SENSOR Occup Lung Dis Bull 2004 Mar; :1-2
This issue of the Occupational Lung Disease Bulletin provides a summary of the Severe Acute Respiratory Syndrome (SARS) pandemic, which affected over 8,000 people worldwide. The original outbreak in Beijing led to cases among healthcare workers in more than 70 hospitals, transmission to patients and visitors, and closing and quarantining of hospitals. Among probable cases analyzed in the Beijing outbreak, 16% occurred in healthcare workers (Liang W et al. Severe acute respiratory syndrome, Beijing, 2003. Emerging Infectious Disease 10(1) Jan 2004.). In the US, only 161 probable cases were identified, and very few cases were reported among healthcare workers.
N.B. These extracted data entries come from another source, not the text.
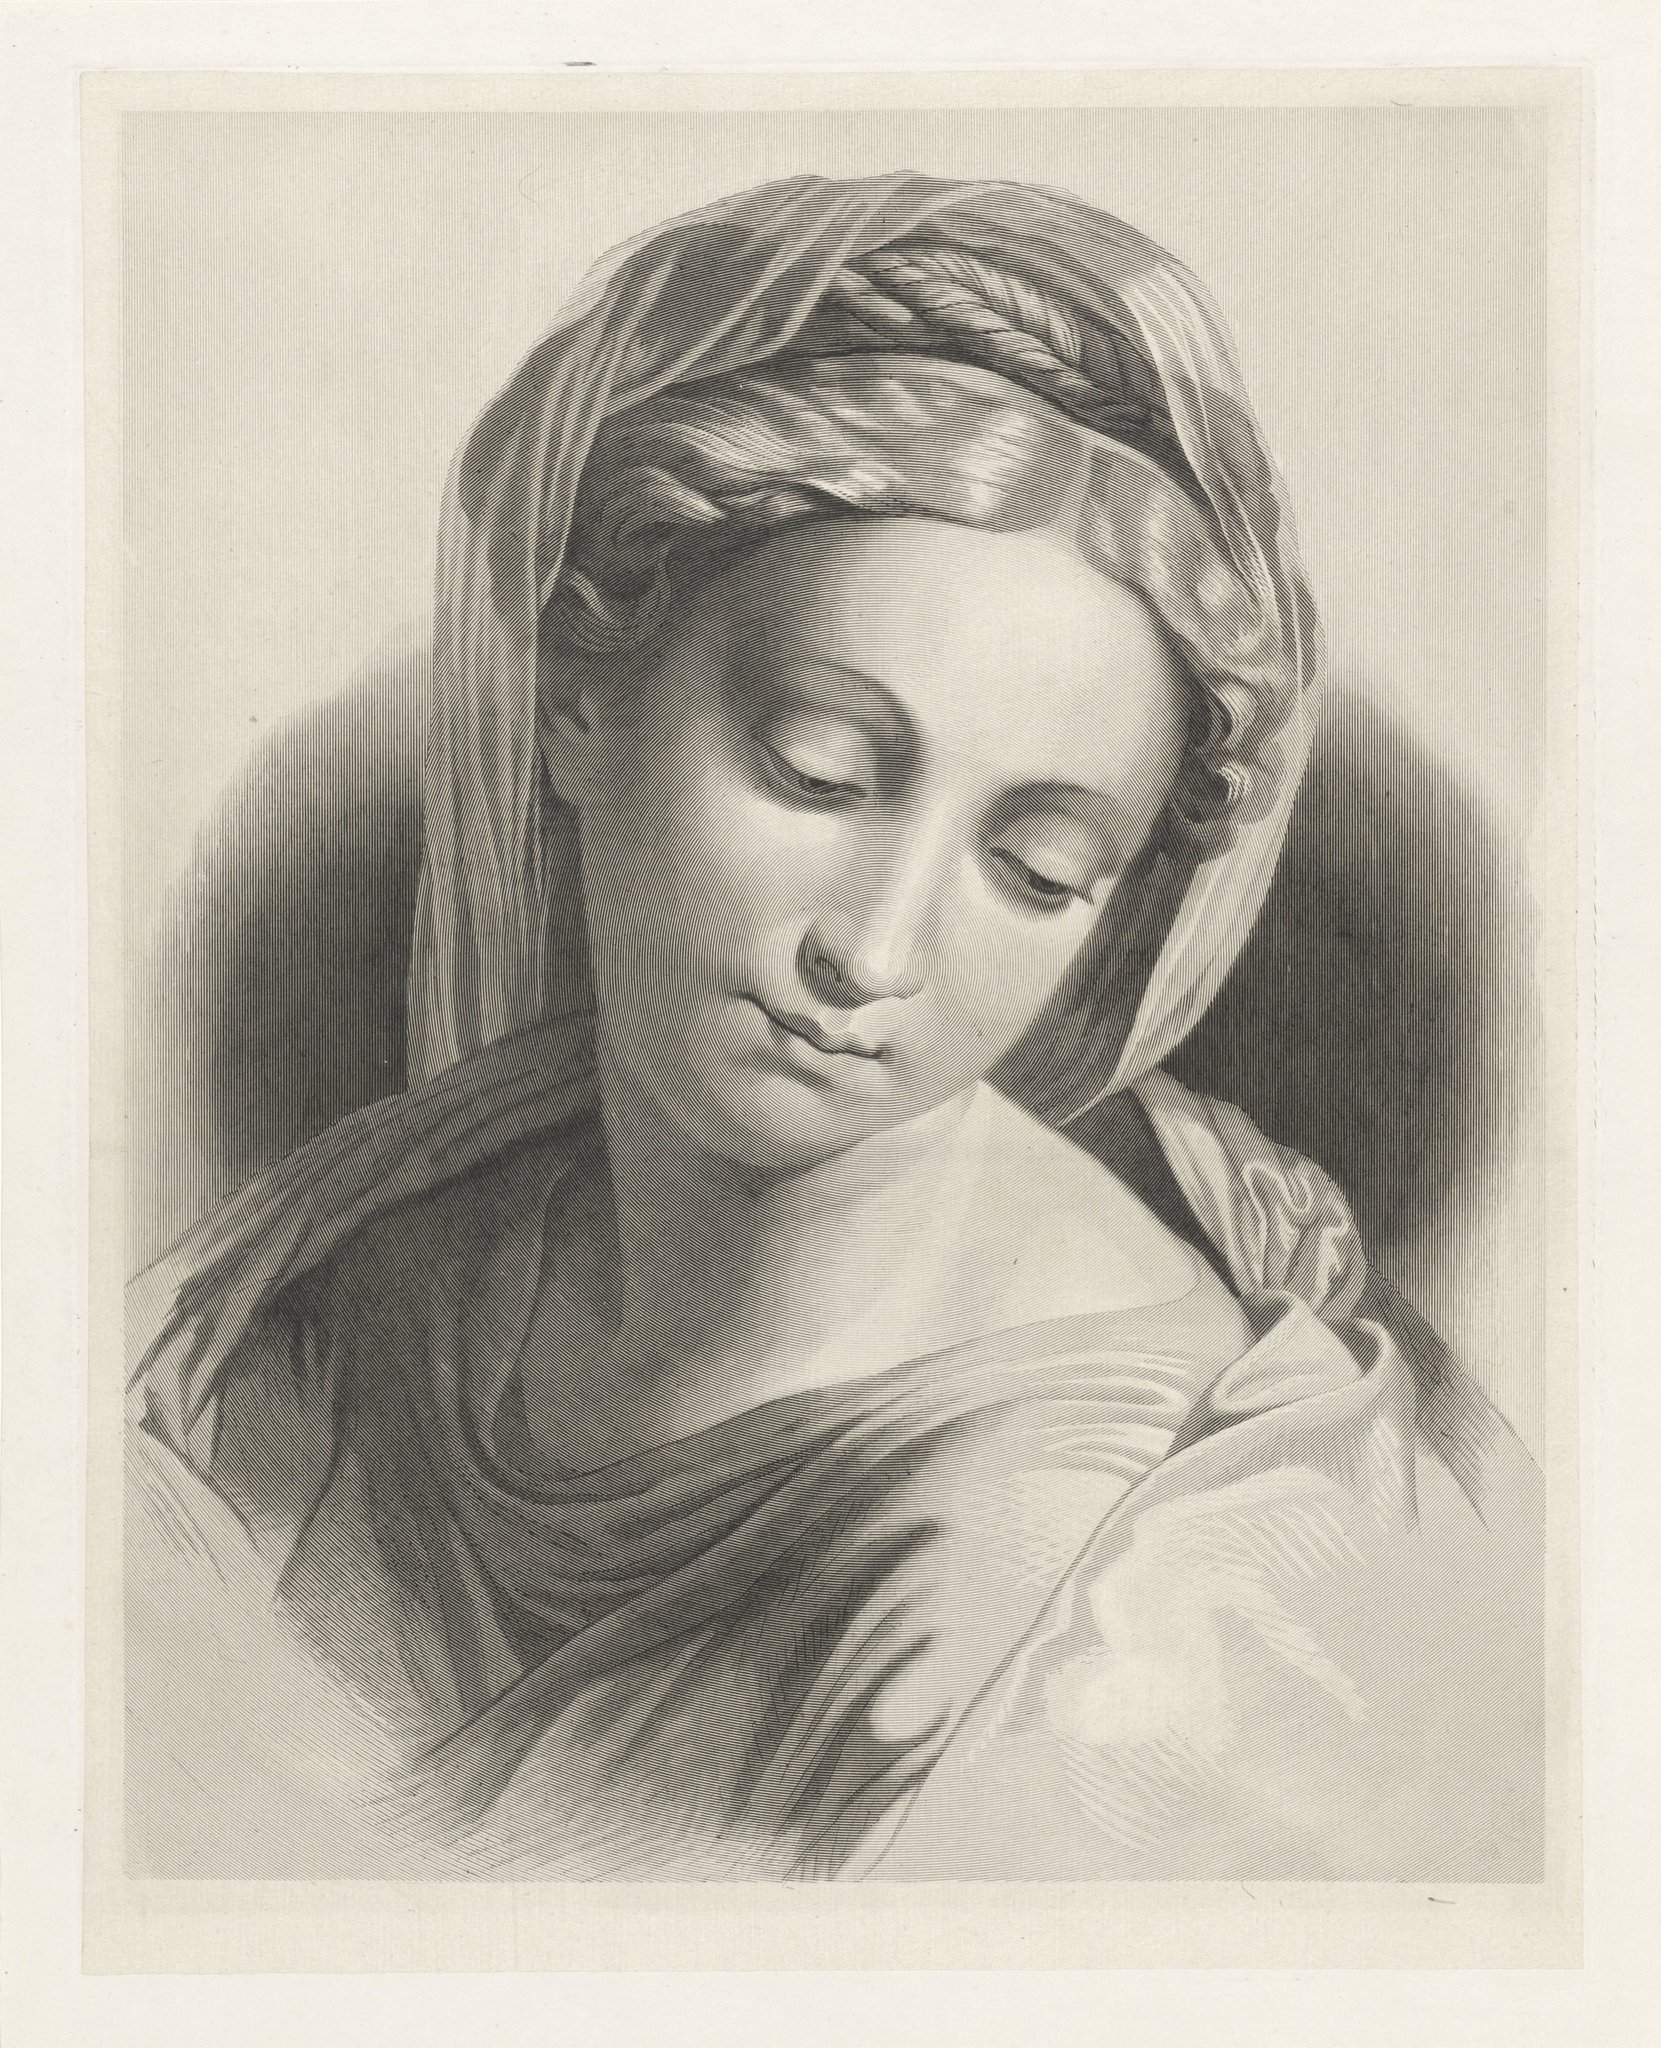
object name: print
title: Madonna
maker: dirk jurriaan sluyter
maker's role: draughtsman, print maker
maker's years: 1811-1886
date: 1826-1886
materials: paper
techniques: etching
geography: amsterdam
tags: 'portraits' of mary, veil
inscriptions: collector's mark: Lugt 2228
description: Maria met neergeslagen ogen. Op het hoofd draagt zij een sluier.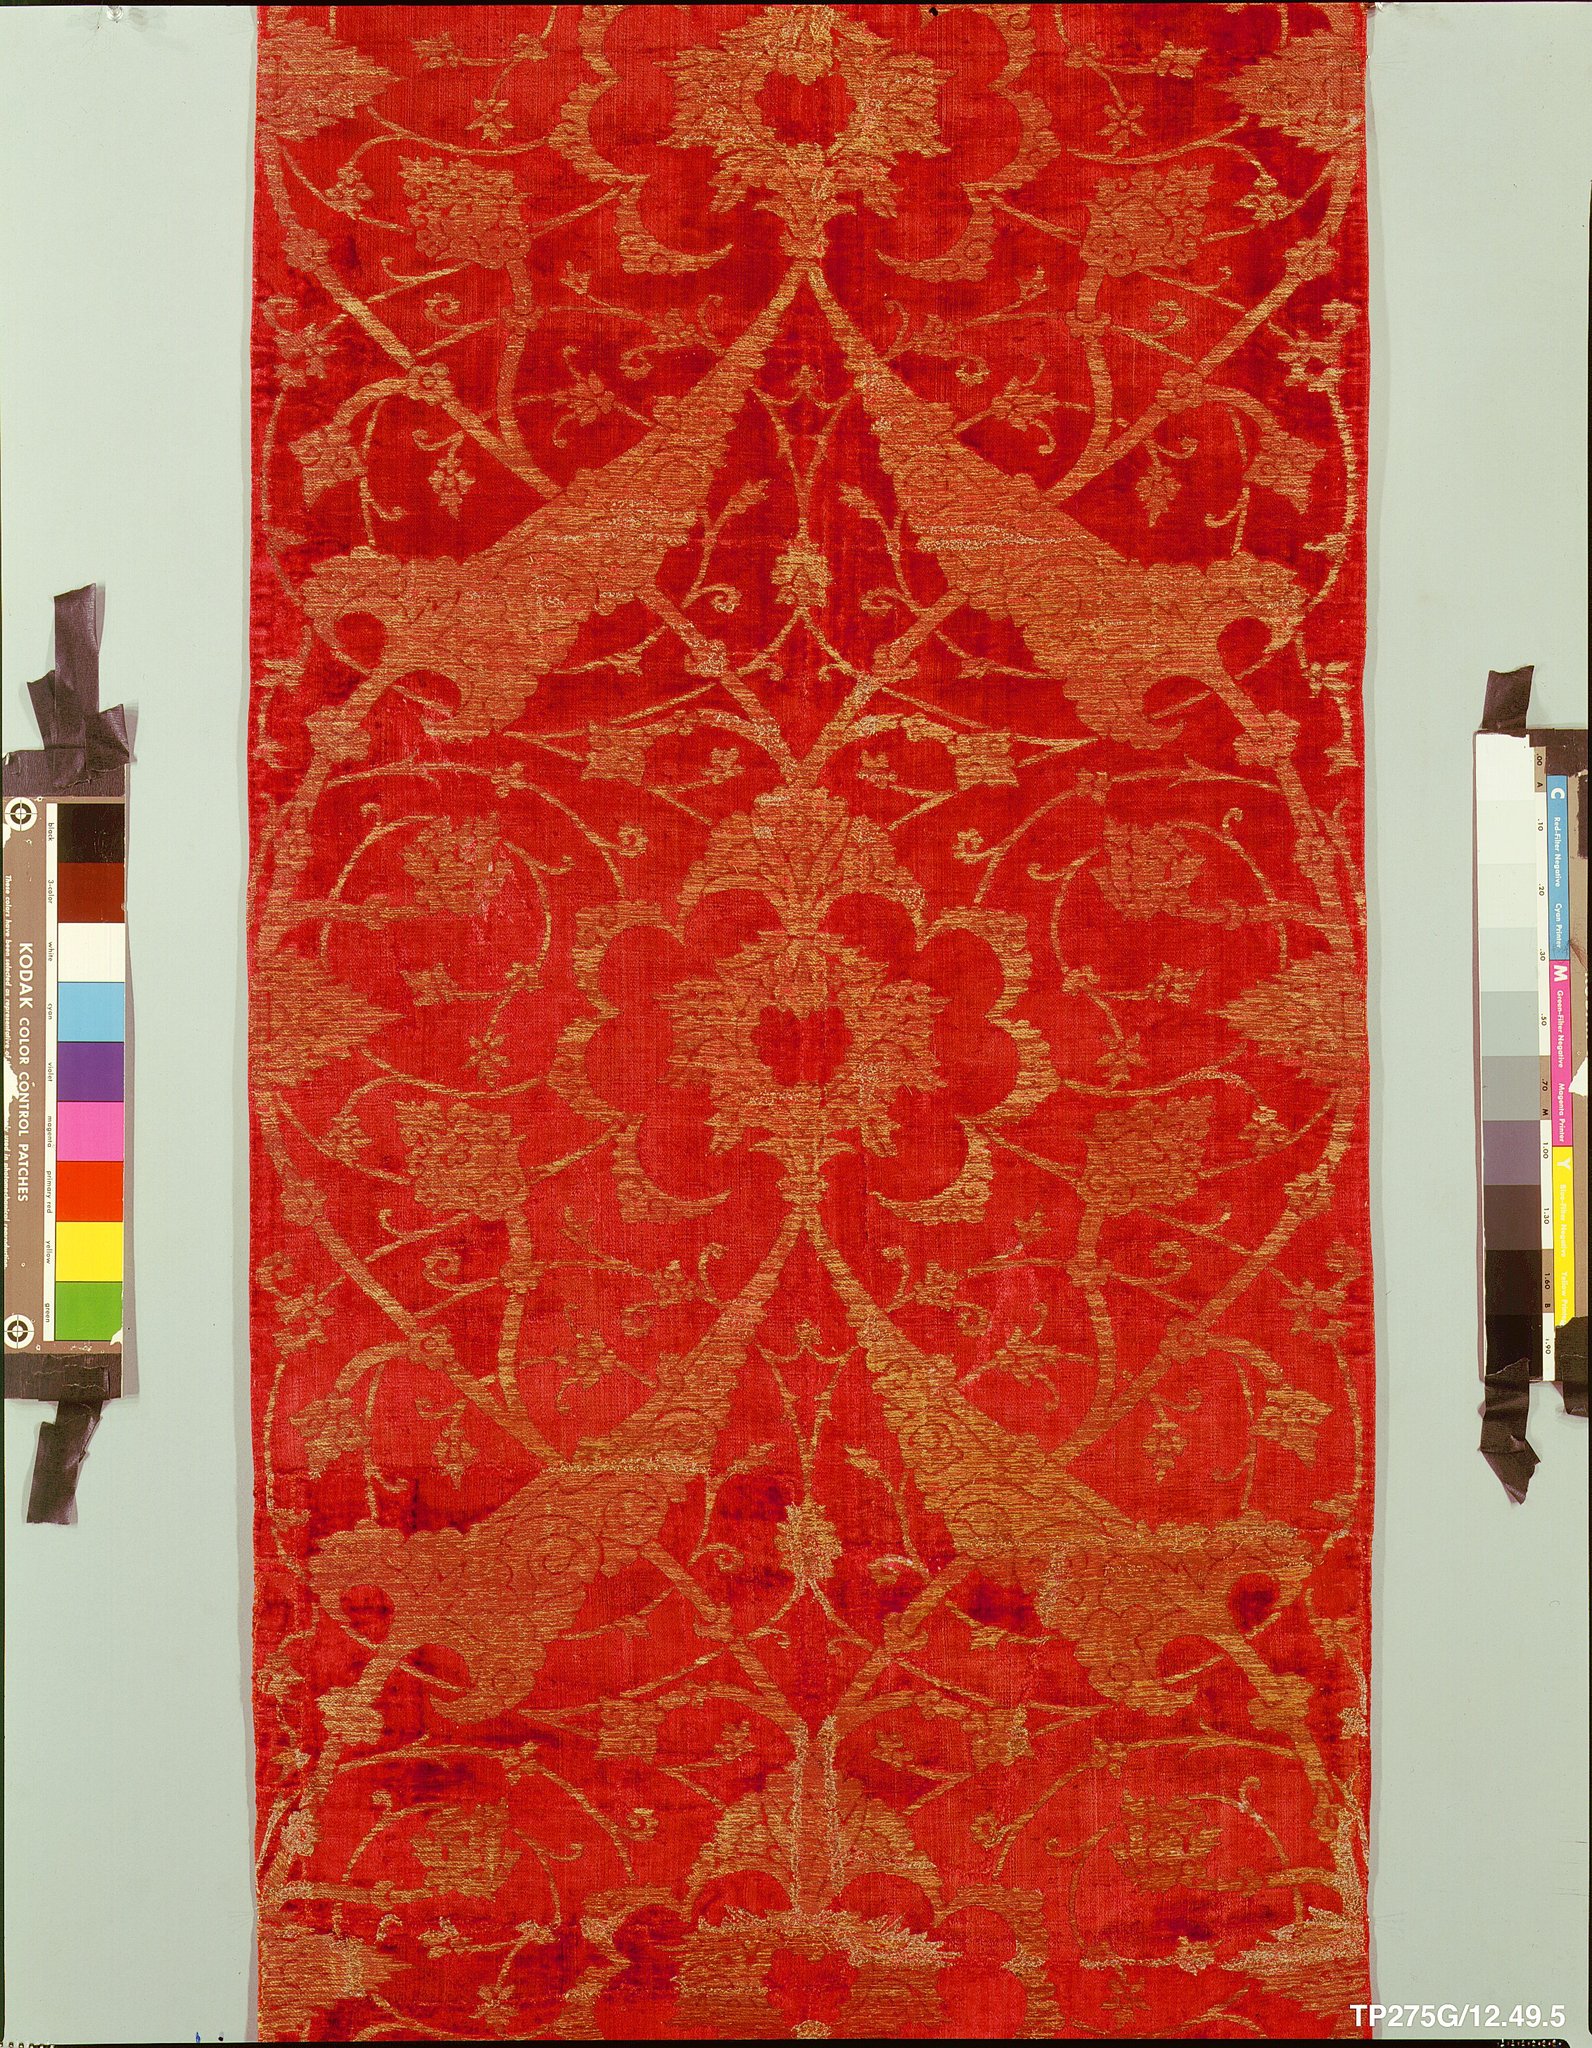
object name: piece
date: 1467-1500
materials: metal thread, silk

Lack of transmission may have resulted from treating few highly infectious patients or using few high-risk procedures (Park BJ et al Lack o SARS transmission among healthcare workers, United States Emerging Infectious Disease 10(2) Feb 2004]. To protect healthcare workers and prevent amplification in health care facilities, OSHA has emphasized the importance of workplace precautions. These include: appropriate ventilation, including isolation rooms with negative pressure and HEPA filtration; standard precautions, including work practices and PPE (N95 respirator, gowns, gloves); and housekeeping. Early case identification and hospital practices that protect against airborne diseases are crucial steps to ensure that healthcare workers are protected.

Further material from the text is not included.